Do you ever have those days when you’re so busy focusing on everything you aren’t, you completely lose sight of everything you are? Maybe it’s that so-and-so is better at their job than you are, or that there’s a little more of you to love after the holiday season. Perhaps it’s that you never get on top of cleaning the house, or you just feel like you’re not kicking goals at… anything. Don’t despair, positive psychologist Dr Tim Sharp says negative thoughts are normal, it’s how we co-exist with them that counts.
Is what I think… normal?
“No matter who you are or what your circumstances might be, we all have Automatic Negative Thoughts (ANTs),” explains Dr Sharp. “No one’s thoughts will be positive all the time.” The important thing is to know that “you don’t have to accept them or put up with them,” he says.
Research shows that optimists function better - both physically and mentally - than their pessimist counterparts, and according to Dr Sharp, the good news is that shifting your mindset is well within your control.
“Changing the way we think about things, including ourselves, or changing the focus of our thinking is just like any other skill,” he says. “The more we practice, the better we get.”
So where do I start?
“Firstly, be aware of how you think about yourself and which aspects of yourself you focus on more or less,” explains Dr Sharp.
“Set aside time each and every day to actively focus on what you’re good at, what you do well and where you excel.”
He also recommends thinking of yourself as you would a friend.
“We’re much more critical of ourselves than we’d ever be of others, but if we can be as compassionate, tolerant and understanding of our own shortcomings as we are of others then we benefit immeasurably,” he says.
It’s not me, it’s you
It can be difficult if what’s holding you back stems from an outside source, and according to Dr Sharp, in the same way you can question your own thoughts - you also “don’t have to accept what others say”.

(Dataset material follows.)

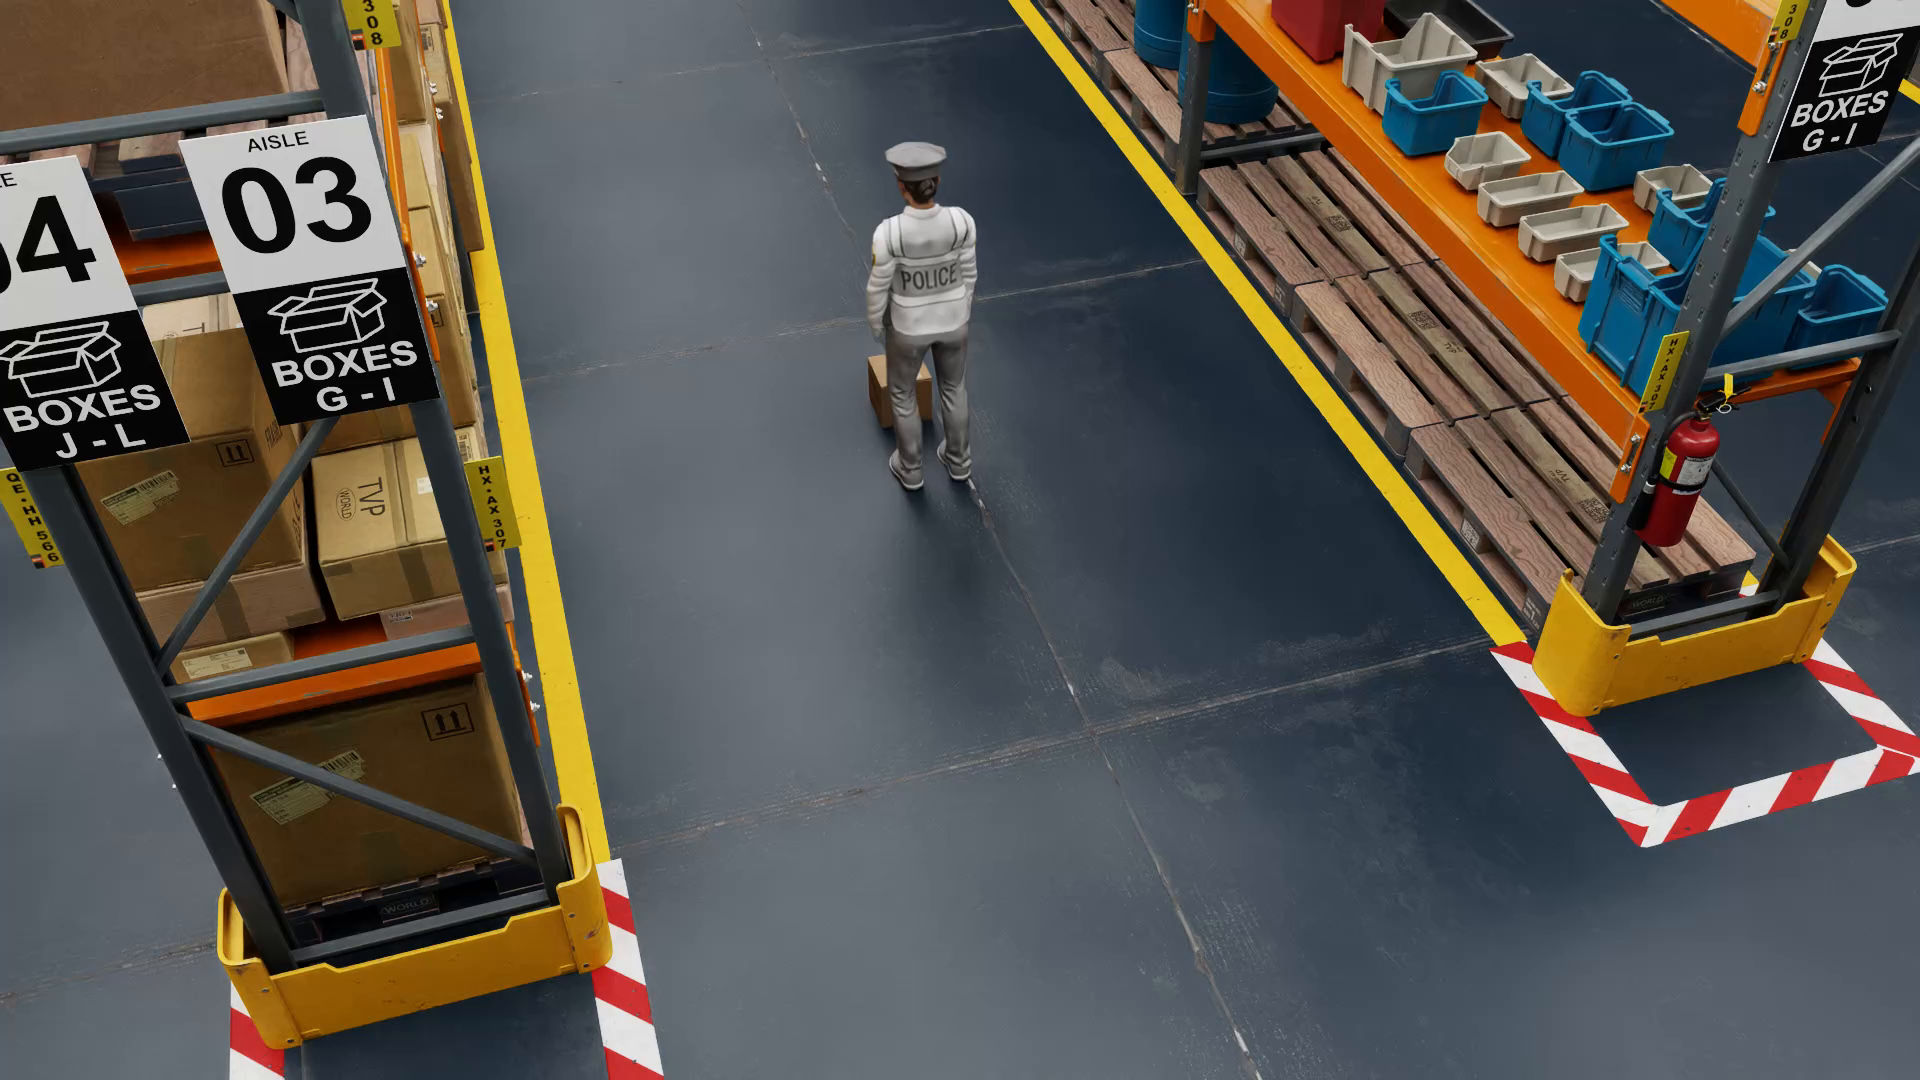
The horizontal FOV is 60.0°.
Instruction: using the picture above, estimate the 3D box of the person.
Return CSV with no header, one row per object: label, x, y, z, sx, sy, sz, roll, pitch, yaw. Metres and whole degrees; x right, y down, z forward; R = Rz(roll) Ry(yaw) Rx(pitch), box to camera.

“Just because someone else thinks you’re not good enough doesn’t mean you’re not good enough,” he says. “It’s just their opinion and it need not be yours.”
Dr Sharp says to focus on what you’re good at and excel in, instead of the negative comments.
The bottom line
The most important thing to remember here is that you’re not alone. “Being imperfect is not just okay, it’s normal - we’re all imperfect and this is what connects us as humans,” Dr Sharp says.
Practising positive mindset techniques can help us all become better at blocking out negativity and showing ourselves some love.
“We’ll never be perfect and it can take time, but our long-term goal should simply be to love ourselves a little better, each and every day.”